The other retains the reporter gene and is maintained in the anterior tip, assuming the identity of the GSC. Hence, the GSC has faithfully undergone both differentiation and self-renewal – the two properties that define stemness.
It is now known that self-renewal arises primarily through signaling events. Decapentaplegic (Dpp) is one of the core proteins required for GSC maintenance, a member of the bone morphogenetic protein (BMP) signaling-molecule superfamily, together with the similar (homolog) Glass bottom boat (Gbb).
These proteins are produced in the germarium’s anterior, where they bind to receptors on the GSCs and trigger a signaling cascade in GSCs, which culminates in the repression of a gene called bag of marbles (bam). Bam expression is necessary for differentiation, and so, silencing of bam results in maintenance of potency and self-renewal.
Regulatory mechanisms that contribute to asymmetric cell fate
As established in the previous section, DPP expression from adjacent cap cells controls GSC lifespan, cell division, and prevents GSCs from differentiating by repressing expression of Bam.
The niche signal remains restricted to the GSC as the daughter cell produced from asymmetric division is pushed away from the niche and further from the source of the DPP signal.

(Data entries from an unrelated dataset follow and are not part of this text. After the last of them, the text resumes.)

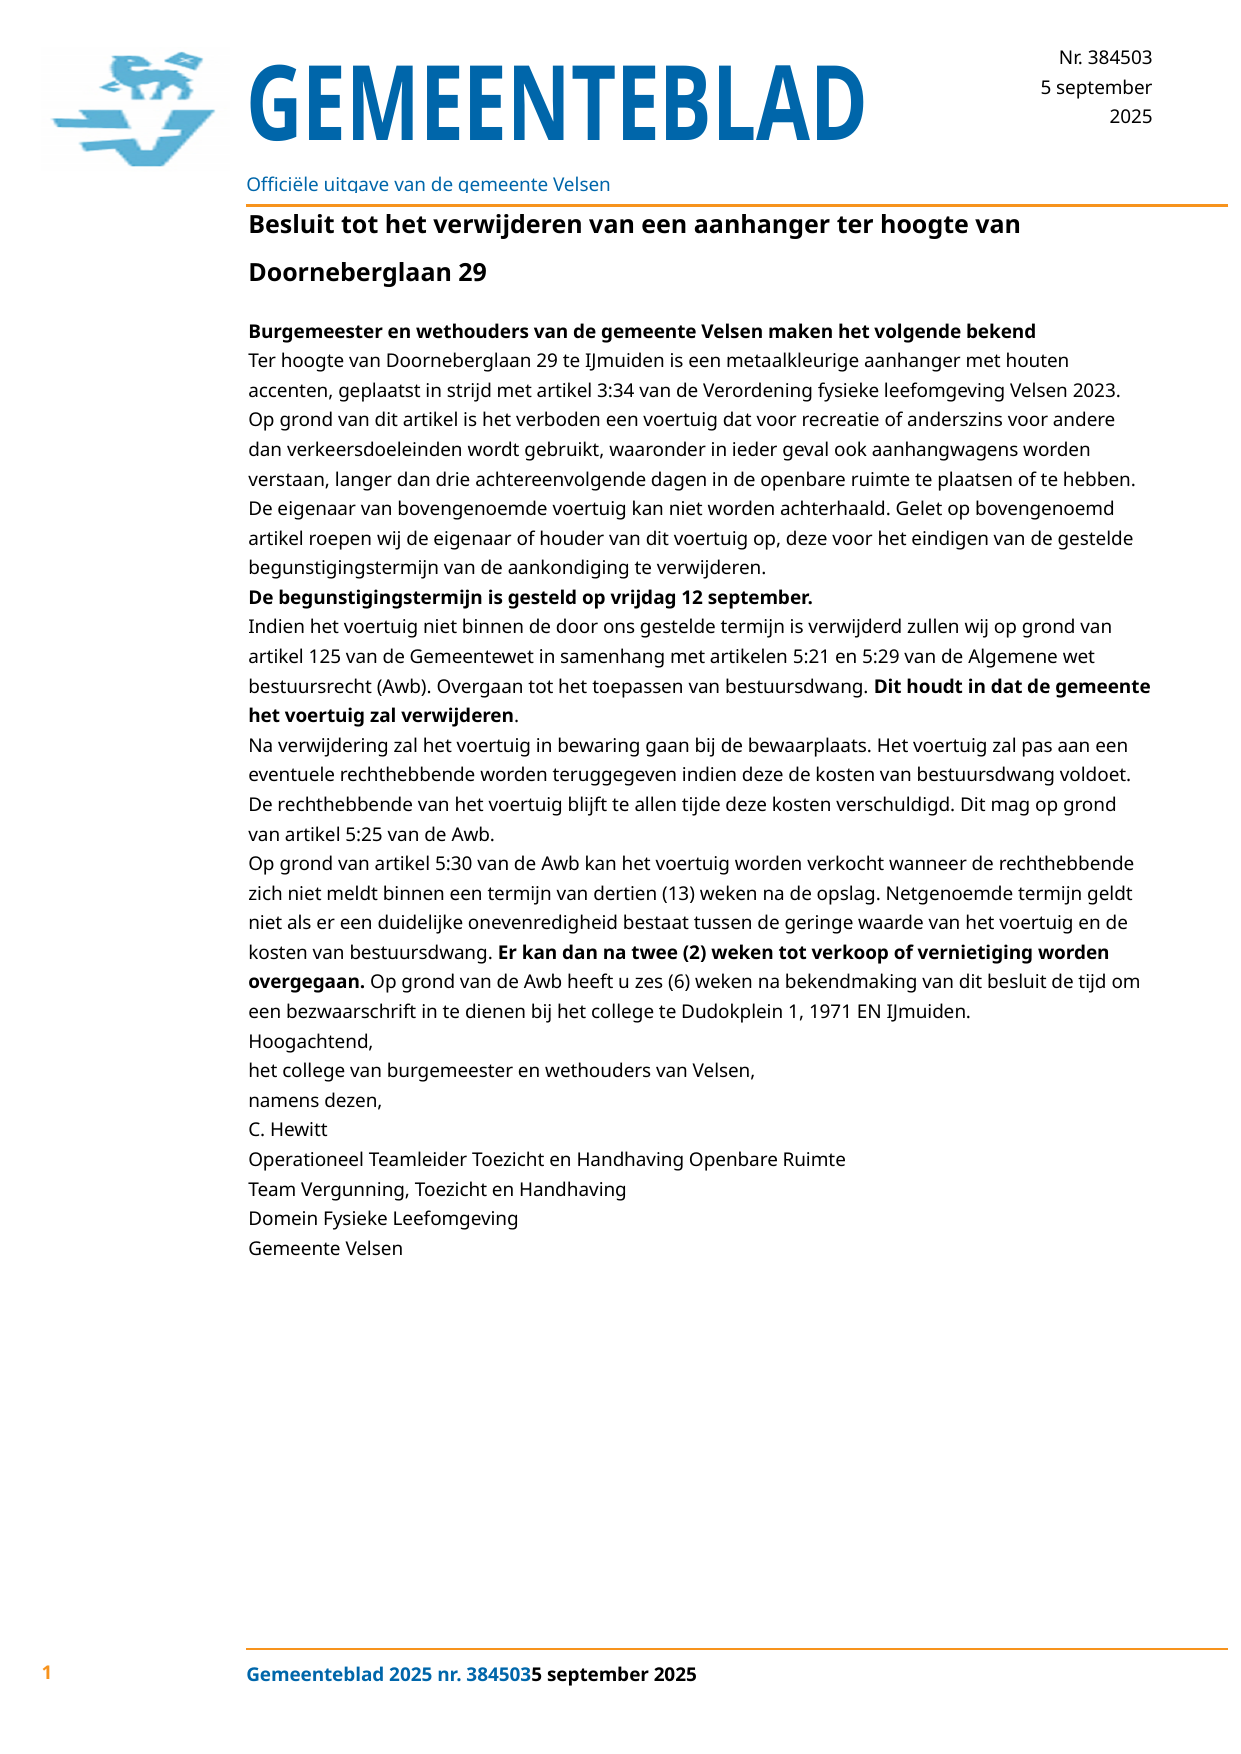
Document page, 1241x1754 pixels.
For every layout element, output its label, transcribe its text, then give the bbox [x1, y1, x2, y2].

text Operationeel Teamleider Toezicht en Handhaving Openbare Ruimte [248, 1146, 1152, 1172]
text Gemeente Velsen [248, 1235, 1152, 1261]
text namens dezen, [248, 1087, 1152, 1113]
text Hoogachtend, [248, 1028, 1152, 1054]
text het college van burgemeester en wethouders van Velsen, [248, 1057, 1152, 1083]
text C. Hewitt [248, 1117, 1152, 1142]
picture [41, 47, 231, 172]
text Domein Fysieke Leefomgeving [248, 1205, 1152, 1231]
text Burgemeester en wethouders van de gemeente Velsen maken het volgende bekend [248, 318, 1152, 344]
text De eigenaar van bovengenoemde voertuig kan niet worden achterhaald. Gelet op bovengenoemd artikel roepen wij de eigenaar of houder van dit voertuig op, deze voor het eindigen van de gestelde begunstigingstermijn van de aankondiging te verwijderen. [248, 495, 1152, 580]
text Op grond van artikel 5:30 van de Awb kan het voertuig worden verkocht wanneer de rechthebbende zich niet meldt binnen een termijn van dertien (13) weken na de opslag. Netgenoemde termijn geldt niet als er een duidelijke onevenredigheid bestaat tussen de geringe waarde van het voertuig en de kosten van bestuursdwang. Er kan dan na twee (2) weken tot verkoop of vernietiging worden overgegaan. Op grond van de Awb heeft u zes (6) weken na bekendmaking van dit besluit de tijd om een bezwaarschrift in te dienen bij het college te Dudokplein 1, 1971 EN IJmuiden. [248, 850, 1152, 1024]
text Na verwijdering zal het voertuig in bewaring gaan bij de bewaarplaats. Het voertuig zal pas aan een eventuele rechthebbende worden teruggegeven indien deze de kosten van bestuursdwang voldoet. De rechthebbende van het voertuig blijft te allen tijde deze kosten verschuldigd. Dit mag op grond van artikel 5:25 van de Awb. [248, 732, 1152, 847]
text De begunstigingstermijn is gesteld op vrijdag 12 september. [248, 584, 1152, 610]
text Team Vergunning, Toezicht en Handhaving [248, 1176, 1152, 1202]
text Ter hoogte van Doorneberglaan 29 te IJmuiden is een metaalkleurige aanhanger met houten accenten, geplaatst in strijd met artikel 3:34 van de Verordening fysieke leefomgeving Velsen 2023. Op grond van dit artikel is het verboden een voertuig dat voor recreatie of anderszins voor andere dan verkeersdoeleinden wordt gebruikt, waaronder in ieder geval ook aanhangwagens worden verstaan, langer dan drie achtereenvolgende dagen in de openbare ruimte te plaatsen of te hebben. [248, 347, 1152, 492]
text Besluit tot het verwijderen van een aanhanger ter hoogte van Doorneberglaan 29 [248, 207, 1152, 288]
text Indien het voertuig niet binnen de door ons gestelde termijn is verwijderd zullen wij op grond van artikel 125 van de Gemeentewet in samenhang met artikelen 5:21 en 5:29 van de Algemene wet bestuursrecht (Awb). Overgaan tot het toepassen van bestuursdwang. Dit houdt in dat de gemeente het voertuig zal verwijderen. [248, 614, 1152, 728]

As such, Bam is upregulated in these distal daughter cells, resulting in the activation of differentiation-promoting factors. This is augmented by a secondary regulatory mechanism enacted by the collagen extracellular matrix (ECM), which restricts the signaling range of DPP.

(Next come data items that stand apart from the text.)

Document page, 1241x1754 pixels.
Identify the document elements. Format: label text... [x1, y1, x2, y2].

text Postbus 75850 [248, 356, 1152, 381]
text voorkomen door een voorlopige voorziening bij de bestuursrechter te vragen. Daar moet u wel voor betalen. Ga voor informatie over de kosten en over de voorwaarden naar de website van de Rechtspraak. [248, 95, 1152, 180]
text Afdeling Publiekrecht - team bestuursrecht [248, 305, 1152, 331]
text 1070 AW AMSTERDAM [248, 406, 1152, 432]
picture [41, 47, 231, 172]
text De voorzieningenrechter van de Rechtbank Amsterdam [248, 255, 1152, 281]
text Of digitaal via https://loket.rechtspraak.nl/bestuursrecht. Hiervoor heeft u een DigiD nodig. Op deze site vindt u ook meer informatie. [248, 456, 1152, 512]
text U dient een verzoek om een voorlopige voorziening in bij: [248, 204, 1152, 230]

A third regulatory mechanism is the interaction of germ line intrinsic factors with extrinsic signal regulation pathways to regulate stem cell self-renewal and differentiation. Bam engages in negative feedback, which down regulates the daughter cells response to DPP. In this way, the small reduction in DPP signal strength in the daughter cystoblast compared with GSC is amplified through negative feedback to reinforce asymmetric adoption of cell fates.
Stem cells maintained in the niche can proliferate inside of the niche while other niche cells do not, despite these cells being subject to the same proliferation-inducing signals. This is because GSCs are subject to mechanisms of cell cycle regulation that other surrounding cells are not.
Niche cells are held in cell cycle arrest, which prevents their proliferation, by a signal that requires a protein called Dacapo. Dacapo is a negative regulator of the cell cycle. In GSCs however, a Dacapo specific inhibitory molecule called miRNA is expressed. This blocks Dacapo expression, which in turn, overcomes a brake on cell proliferation.
In vivo niches are characterized by the anchorage of small numbers of stem cells to niche cells. These involve the protein cadherin, which forms the junctions frequently involved. Alternative types of anchorage can be to the extracellular matrix or integrins.
In Drosophila, the GSC orientation of division is linked to the asymmetric fate of stem cell progeny. The stem cell daughter cell is retained in the niche, whilst the differentiating daughter cell moves out of the niche.
Different regulatory mechanisms contribute to asymmetric cell fate of the daughter cells of the GSCs. Finally, niche cells signal to stem cells to control stem cell proliferation and maintenance/self-renewal, and interact with intrinsic regulatory mechanisms.
It is important to note that signals are niche specific, and the same signaling pathway can be deployed in different ways in different stem cell niches. This article has touched only on the signaling pathways found in the Drosophila ovary. However, the principles have been extended to other organ systems in other organisms, and serve as a paradigm for understanding the basis of stem cell maintenance in vivo.